The following year in 2020, Congress came together to protect Americans amid the Coronavirus pandemic by passing a $2.2 trillion Coronavirus rescue bill, the CARES Act.

“With rare bipartisanship and speed, Washington is about to deliver massive, unprecedented legislation to speed help to individuals and businesses as the coronavirus pandemic takes a devastating toll on the U.S. economy and health care system, the Associated Press reported at the time in a March 27, 2020 article. “The House is set to pass the sprawling, $2.2 trillion measure Friday morning after an extraordinary 96-0 Senate vote late Wednesday. President Donald Trump marveled at the unanimity Thursday and is eager to sign the package into law.”

Bipartisanship in the Biden era

While the Biden era has had some bipartisanship cooperation in areas such as foreign policy and support for NATO allies and Ukraine, it has suffered in others.

In March 2021, Business Insider noted that, “not a single Republican lawmaker in either chamber voted in favor of President Joe Biden’s $1.9 trillion economic aid package [the American Rescue Plan Act] over the past few weeks, reflecting their fierce opposition to an early Democratic legislative priority.” The bill was ultimately passed in March 2021 by a razor thin Democratic majority in both chambers.

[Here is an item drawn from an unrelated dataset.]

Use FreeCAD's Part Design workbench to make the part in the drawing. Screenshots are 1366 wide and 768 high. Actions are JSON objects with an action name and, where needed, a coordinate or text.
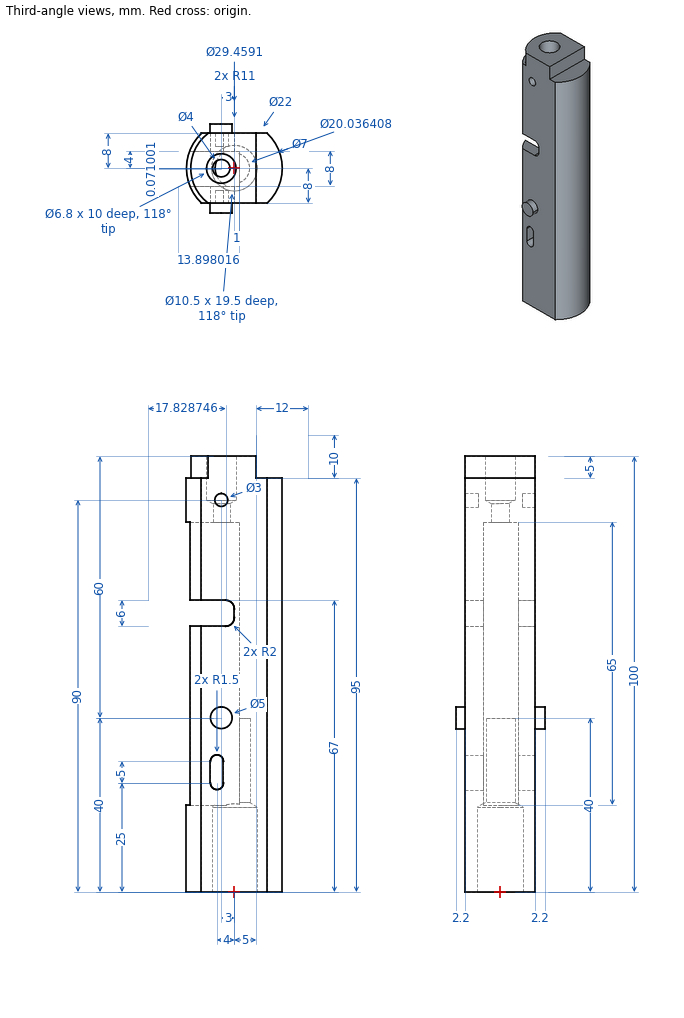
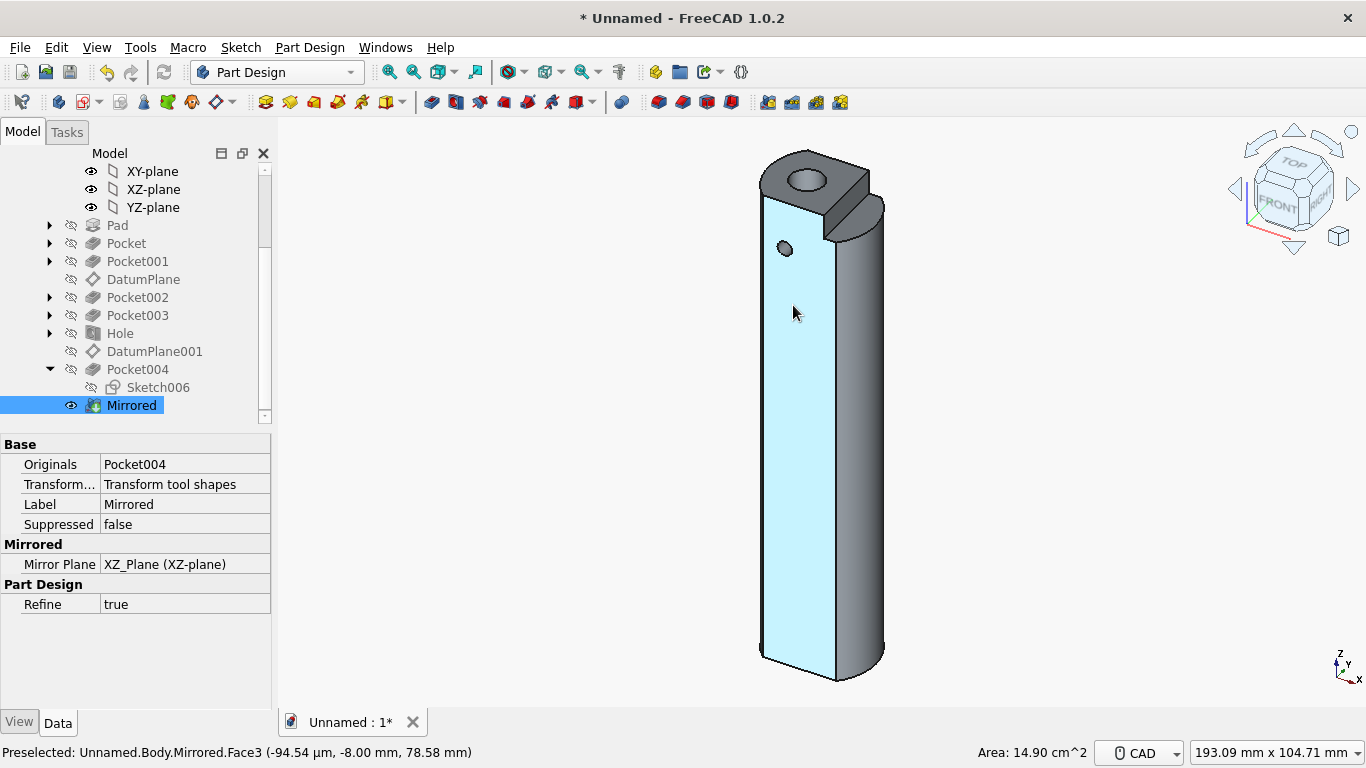
{"action": "left_click", "coordinate": [84, 102]}

That same year, the president threatened to veto the bipartisan infrastructure bill [Inflation Reduction Act] unless it included a massive spending plan, a move that drew criticism and ultimately led to passage along party lines with no Republican support.

“The Inflation Reduction Act, passed by the House of Representatives today, is about to become the first comprehensive climate legislation in U.S. history,” observed Robinson Meyer in an August 12, 2022 article published by The Atlantic.

“Compared with Congress’s desultory approach to the issue in the past, the numbers are striking: The legislation will spend roughly $374 billion on decarbonization and climate resilience over the next 10 years, getting us two-thirds of the way to America’s Paris Agreement goals. But perhaps the most important number about the package is zero. Zero Republicans in the House. Zero Republicans in the Senate. The IRA was adopted entirely along party lines, with all Democrats and not a single congressional Republican in support of the legislation.”

When the Act was passed, it was hailed as the “first major win for Biden,” by the Washington Post.

While the Act was hailed as a victory for Biden, it did little to pull both parties together, a challenge both the president and newly elected House Speaker Kevin McCarthy will face going forward during the second half of Biden’s term amid the 118th Congress.

While both parties continue to target the Hispanic vote as it is the fastest growing demographic in the United States, the polls show the Latino community is seeking evidence of cooperation instead of unilateral policymaking, a fact evidenced in the polling, which shows 94% of Hispanics are seeking bipartisan cooperation.